- EXERCISE INSTRUCTIONS -
Return the line containing "text Inzage [248, 587, 1152, 613]" and all lines after it exactly; stop at the end of the material.

- ENTRIES SUPPLIED -
BEGIN
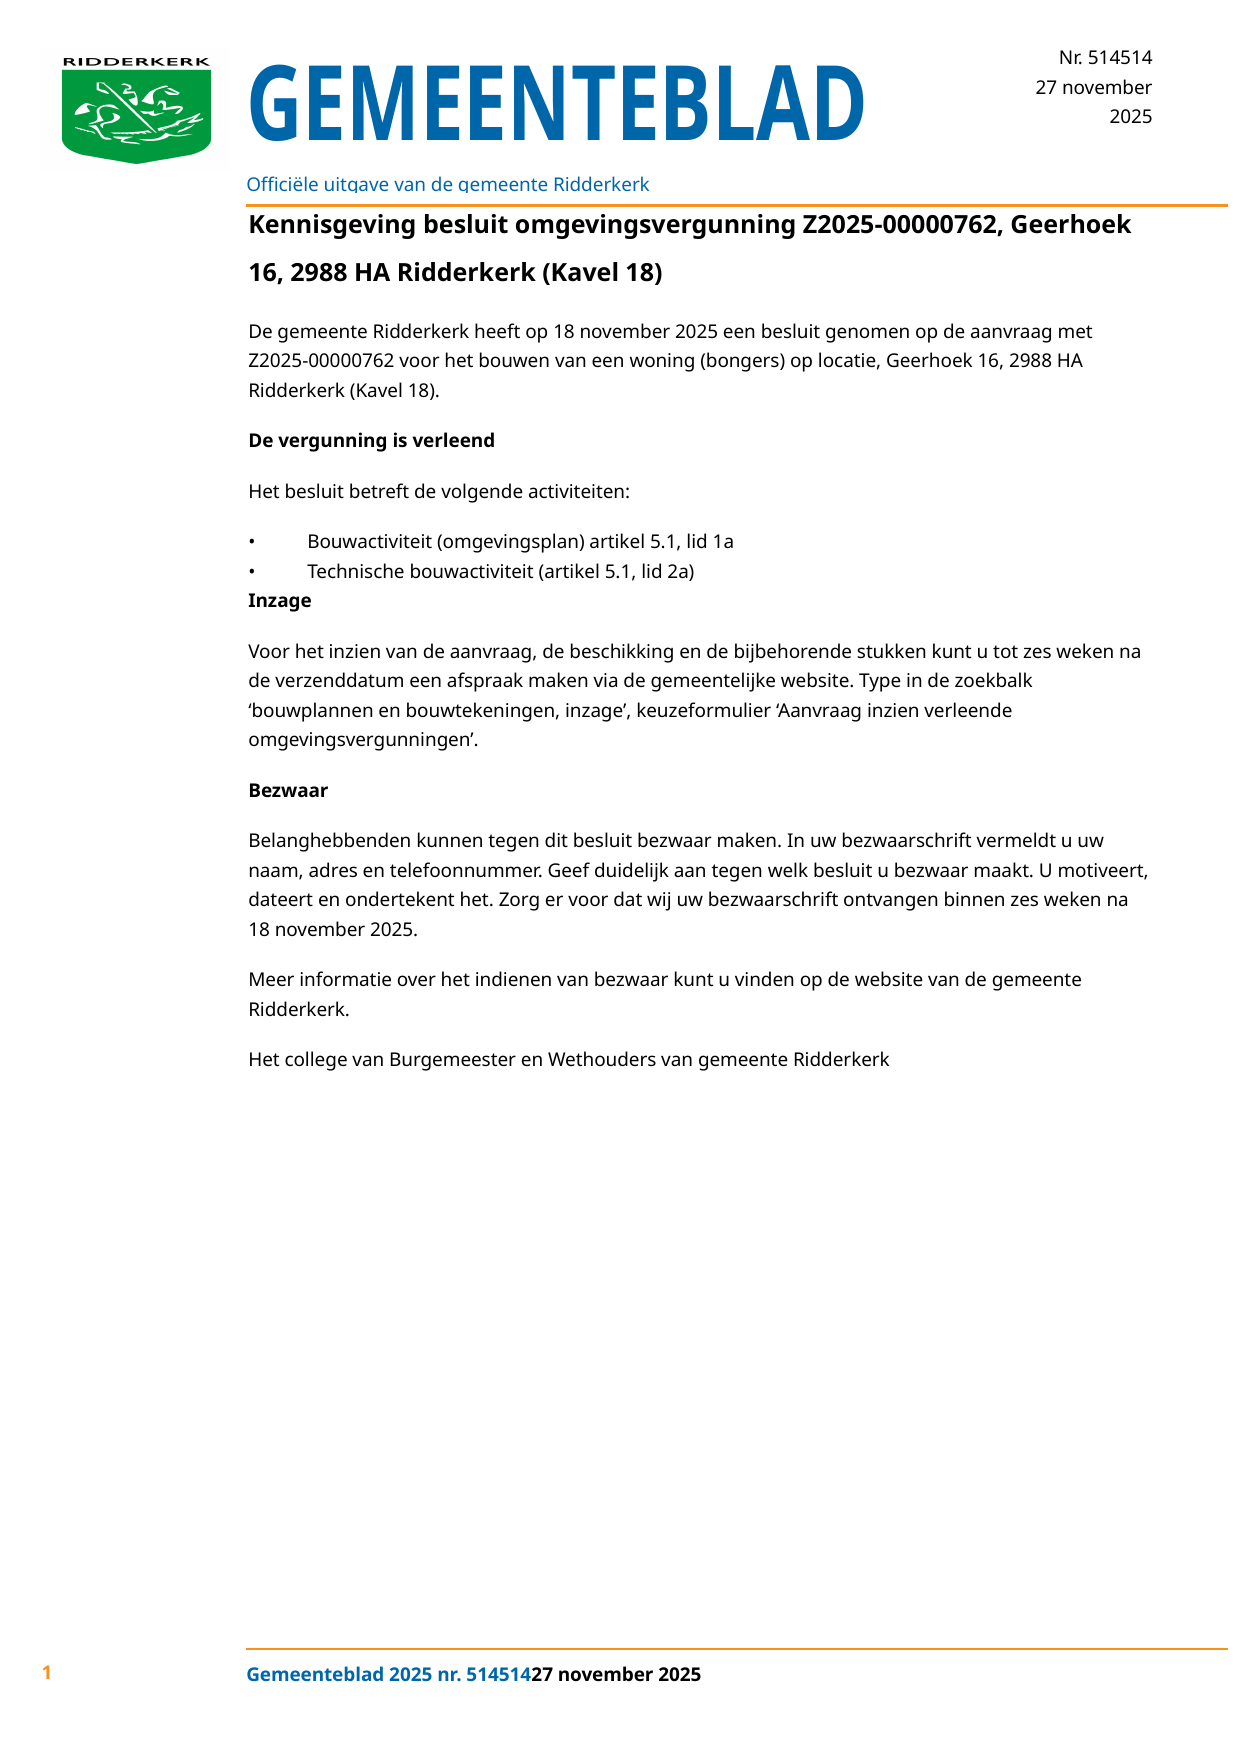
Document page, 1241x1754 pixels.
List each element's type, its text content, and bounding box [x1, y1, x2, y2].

text Het besluit betreft de volgende activiteiten: [248, 478, 1152, 504]
text De vergunning is verleend [248, 427, 1152, 453]
text De gemeente Ridderkerk heeft op 18 november 2025 een besluit genomen op de aanvraag met Z2025-00000762 voor het bouwen van een woning (bongers) op locatie, Geerhoek 16, 2988 HA Ridderkerk (Kavel 18). [248, 318, 1152, 403]
text Kennisgeving besluit omgevingsvergunning Z2025-00000762, Geerhoek 16, 2988 HA Ridderkerk (Kavel 18) [248, 207, 1152, 288]
text Inzage [248, 587, 1152, 613]
text Belanghebbenden kunnen tegen dit besluit bezwaar maken. In uw bezwaarschrift vermeldt u uw naam, adres en telefoonnummer. Geef duidelijk aan tegen welk besluit u bezwaar maakt. U motiveert, dateert en ondertekent het. Zorg er voor dat wij uw bezwaarschrift ontvangen binnen zes weken na 18 november 2025. [248, 827, 1152, 942]
picture [41, 47, 231, 172]
text Bezwaar [248, 777, 1152, 803]
text Meer informatie over het indienen van bezwaar kunt u vinden op de website van de gemeente Ridderkerk. [248, 967, 1152, 1022]
list Technische bouwactiviteit (artikel 5.1, lid 2a) [248, 558, 1152, 584]
text Voor het inzien van de aanvraag, de beschikking en de bijbehorende stukken kunt u tot zes weken na de verzenddatum een afspraak maken via de gemeentelijke website. Type in de zoekbalk ‘bouwplannen en bouwtekeningen, inzage’, keuzeformulier ‘Aanvraag inzien verleende omgevingsvergunningen’. [248, 638, 1152, 752]
text Het college van Burgemeester en Wethouders van gemeente Ridderkerk [248, 1047, 1152, 1072]
list Bouwactiviteit (omgevingsplan) artikel 5.1, lid 1a [248, 528, 1152, 554]
END
- RESULT OF THIS TASK -
text Inzage [248, 587, 1152, 613]
text Belanghebbenden kunnen tegen dit besluit bezwaar maken. In uw bezwaarschrift vermeldt u uw naam, adres en telefoonnummer. Geef duidelijk aan tegen welk besluit u bezwaar maakt. U motiveert, dateert en ondertekent het. Zorg er voor dat wij uw bezwaarschrift ontvangen binnen zes weken na 18 november 2025. [248, 827, 1152, 942]
picture [41, 47, 231, 172]
text Bezwaar [248, 777, 1152, 803]
text Meer informatie over het indienen van bezwaar kunt u vinden op de website van de gemeente Ridderkerk. [248, 967, 1152, 1022]
list Technische bouwactiviteit (artikel 5.1, lid 2a) [248, 558, 1152, 584]
text Voor het inzien van de aanvraag, de beschikking en de bijbehorende stukken kunt u tot zes weken na de verzenddatum een afspraak maken via de gemeentelijke website. Type in de zoekbalk ‘bouwplannen en bouwtekeningen, inzage’, keuzeformulier ‘Aanvraag inzien verleende omgevingsvergunningen’. [248, 638, 1152, 752]
text Het college van Burgemeester en Wethouders van gemeente Ridderkerk [248, 1047, 1152, 1072]
list Bouwactiviteit (omgevingsplan) artikel 5.1, lid 1a [248, 528, 1152, 554]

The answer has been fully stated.